Of course, I would return to issues around conditions in Iran years later, particularly with regard to Women’s and Gay Rights – and of course, in the last year everyone’s talking about Iran – but that curious bit of information on the back of a Zappa album was forgotten.

But it popped back into my head about a week back when I was poking around on eBay and stumbled upon an Iranian exile in Canada selling some records. His note said:

“All of the Iranian records were released in extremely limited numbers. Those releases are from end 50s until begin70s when the last King of Persia (Shah) ruled the country. After change of regime in Iran, the government closed all record companies and destroyed all available records on the market.”

Now I love records with a bit of history behind them, so I couldn’t resist bidding on a few, and ultimately buying the three featured here. I also had a very pleasant email exchange with the seller who told me a little bit more about the records and about what happened to the music after the theocratic mullahs took power.

Apparently, Iranian record companies made these records from the 50s until the fundamentalists took over in 1979. Their output was mainly local music (about 80%) and the other 20% was western. I am also told that Iranian companies even exported records for the Turkish market. Of course, Iran had been making recordings since the 1890s.

What I found quite interesting is that “western music” appeared to be a genre all on it’s own, with none of the categories that we naturally break it up into: blues, rock, folk, jazz, easy listening, etc… Take this compilation EP for example:

Apart for the beautiful cover art, what strikes one is the track listing by this Top4 label record: “Jerushalaim” by Charles Aznavour, “La Mia Serenata” by Jimmy Fontana, “Somebody to Love” by Jefferson Airplane, and “Homburg” by Procol Harem. That‘s quite a mixture!

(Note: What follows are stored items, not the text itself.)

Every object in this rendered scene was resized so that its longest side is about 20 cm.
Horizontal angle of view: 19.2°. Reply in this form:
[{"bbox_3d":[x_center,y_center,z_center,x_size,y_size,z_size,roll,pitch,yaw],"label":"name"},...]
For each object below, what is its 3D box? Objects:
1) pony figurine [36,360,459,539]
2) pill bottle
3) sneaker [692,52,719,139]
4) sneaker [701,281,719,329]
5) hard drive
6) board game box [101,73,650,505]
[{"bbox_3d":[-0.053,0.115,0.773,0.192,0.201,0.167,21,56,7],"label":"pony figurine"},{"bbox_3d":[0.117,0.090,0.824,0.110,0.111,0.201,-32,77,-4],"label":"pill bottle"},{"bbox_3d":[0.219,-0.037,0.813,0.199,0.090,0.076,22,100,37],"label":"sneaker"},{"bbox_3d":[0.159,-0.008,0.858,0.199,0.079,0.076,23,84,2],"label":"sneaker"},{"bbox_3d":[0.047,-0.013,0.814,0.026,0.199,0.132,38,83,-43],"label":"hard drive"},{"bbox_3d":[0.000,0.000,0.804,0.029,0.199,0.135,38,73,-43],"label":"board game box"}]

Another label doing a similar thing was the Royal label:

They followed the same formula, making me think that the market demanded a wide-ranging and varied diet of both western and locally producedpopular music. What is also notable is that the format seems to be 4-track 7-inch discs (known as EPs). The chief reason for EPs was that many people did not have the equipment to play 12” records, so the record companies often put out albums in instalments. These were also less of a cash outlay at one time. I wonder if the Iranian companies did so many EPs – well into the 70s – for similar reasons.

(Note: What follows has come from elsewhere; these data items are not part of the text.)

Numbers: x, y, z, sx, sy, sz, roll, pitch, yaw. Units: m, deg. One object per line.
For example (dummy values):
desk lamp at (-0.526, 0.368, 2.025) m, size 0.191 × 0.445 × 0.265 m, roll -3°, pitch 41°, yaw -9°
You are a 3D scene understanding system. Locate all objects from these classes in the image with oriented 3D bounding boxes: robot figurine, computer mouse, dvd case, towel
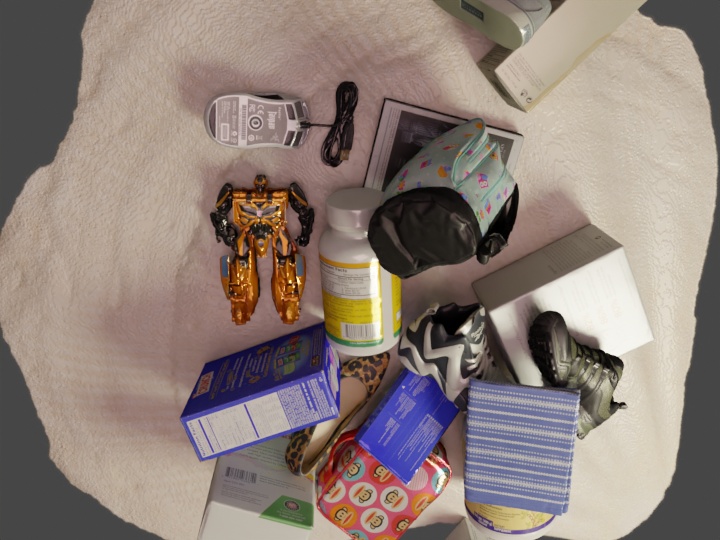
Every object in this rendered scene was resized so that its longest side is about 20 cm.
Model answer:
robot figurine at (-0.132, -0.028, 0.923) m, size 0.141 × 0.058 × 0.205 m, roll -2°, pitch 110°, yaw -4°
computer mouse at (-0.103, -0.197, 0.877) m, size 0.195 × 0.044 × 0.112 m, roll 3°, pitch 114°, yaw -10°
dvd case at (0.108, -0.134, 0.918) m, size 0.195 × 0.025 × 0.153 m, roll 13°, pitch 108°, yaw -7°
towel at (0.210, 0.235, 0.892) m, size 0.141 × 0.024 × 0.204 m, roll 4°, pitch 115°, yaw 13°

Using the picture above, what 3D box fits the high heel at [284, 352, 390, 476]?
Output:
high heel at (-0.026, 0.207, 0.965) m, size 0.199 × 0.143 × 0.071 m, roll -42°, pitch 106°, yaw 11°

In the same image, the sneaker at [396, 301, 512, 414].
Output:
sneaker at (0.153, 0.112, 0.890) m, size 0.198 × 0.079 × 0.131 m, roll 37°, pitch 137°, yaw 12°

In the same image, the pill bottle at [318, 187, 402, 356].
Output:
pill bottle at (0.000, 0.000, 0.903) m, size 0.110 × 0.113 × 0.204 m, roll -4°, pitch 115°, yaw -1°

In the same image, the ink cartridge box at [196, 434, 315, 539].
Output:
ink cartridge box at (-0.143, 0.311, 0.966) m, size 0.142 × 0.201 × 0.089 m, roll 17°, pitch 111°, yaw -10°

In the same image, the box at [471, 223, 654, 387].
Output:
box at (0.281, 0.056, 0.949) m, size 0.197 × 0.107 × 0.154 m, roll -25°, pitch 110°, yaw 5°

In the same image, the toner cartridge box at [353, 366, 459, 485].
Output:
toner cartridge box at (0.087, 0.193, 0.970) m, size 0.095 × 0.043 × 0.201 m, roll 40°, pitch 78°, yaw -5°

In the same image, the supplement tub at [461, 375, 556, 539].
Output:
supplement tub at (0.223, 0.277, 1.002) m, size 0.142 × 0.146 × 0.205 m, roll -6°, pitch 110°, yaw -1°

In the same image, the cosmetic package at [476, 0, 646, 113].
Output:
cosmetic package at (0.246, -0.296, 0.828) m, size 0.199 × 0.104 × 0.073 m, roll -42°, pitch 108°, yaw 12°

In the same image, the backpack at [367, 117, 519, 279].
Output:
backpack at (0.111, -0.091, 0.818) m, size 0.165 × 0.200 × 0.128 m, roll -5°, pitch 121°, yaw 41°

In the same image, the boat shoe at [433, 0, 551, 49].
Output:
boat shoe at (0.139, -0.341, 0.798) m, size 0.071 × 0.070 × 0.201 m, roll -41°, pitch 69°, yaw -11°

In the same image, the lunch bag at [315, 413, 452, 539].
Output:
lunch bag at (0.024, 0.315, 1.038) m, size 0.175 × 0.082 × 0.201 m, roll 39°, pitch 103°, yaw -14°

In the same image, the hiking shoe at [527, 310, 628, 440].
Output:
hiking shoe at (0.289, 0.122, 0.886) m, size 0.099 × 0.076 × 0.202 m, roll -28°, pitch 118°, yaw -3°

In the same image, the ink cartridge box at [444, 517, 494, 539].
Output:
ink cartridge box at (0.210, 0.534, 1.123) m, size 0.199 × 0.085 × 0.145 m, roll 36°, pitch 104°, yaw -13°

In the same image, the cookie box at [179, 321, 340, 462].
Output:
cookie box at (-0.130, 0.162, 0.931) m, size 0.196 × 0.172 × 0.077 m, roll -18°, pitch 107°, yaw 4°

This Royal label EP had “I’m Coming Home” by Tom Jones and “This Town” by Nancy Sinatra (I’m pretty sure that’s a misprint of “Sugar Town”) on the A side and “All My Love” by Cliff Richard and “Cupid’s House” by Ebony Keyeson the B side. Perhaps not as radical a mix as Charles Aznavour and Jefferson Airplane!

My correspondent tells me that he left Iran shortly after the revolution bringing many of his records with him. “It was very difficult and dangerous to do that but I spent lots of money to manage that,” he tells me. Still, he had to leave part of his collection behind.

He has now decided, with some regrets, to sell parts of it. He explained why:

“My collection is a part music history in a very complicated country like Iran. There were not much people who appreciated that, that’s why you don’t have much collectors and these items are so rare. I decided to sell them to the westerns because they keep them safe, they know their values and they will be safe for ever. Just like lots of magnificent Persian or Egyptian antiques and precious things in western museums, if they were in native countries probably they had the same destiny as what the Iraqi and Afghan treasures had! I won’t live forever and if I die this little part of music history dies forever.”

One of the most vexing ironies is the fact that Iran’s mullahs used the relatively new cassette tape technology in the late 70s to foment their theocratic revolution. After the revolution, of course, cassette recorders were banned.

Still, thanks to the Internet and to Satellite receivers, rock ‘n’ roll is returning to Iran. The government is even having to sponsor a few state-sanctioned (and sanitised) acts, though “western music” is still officially banned – close monitored by the Ministry of Culture and Islamic Guidance, or, as Frank Zappa might have called it: “The Central Scrutinizer”.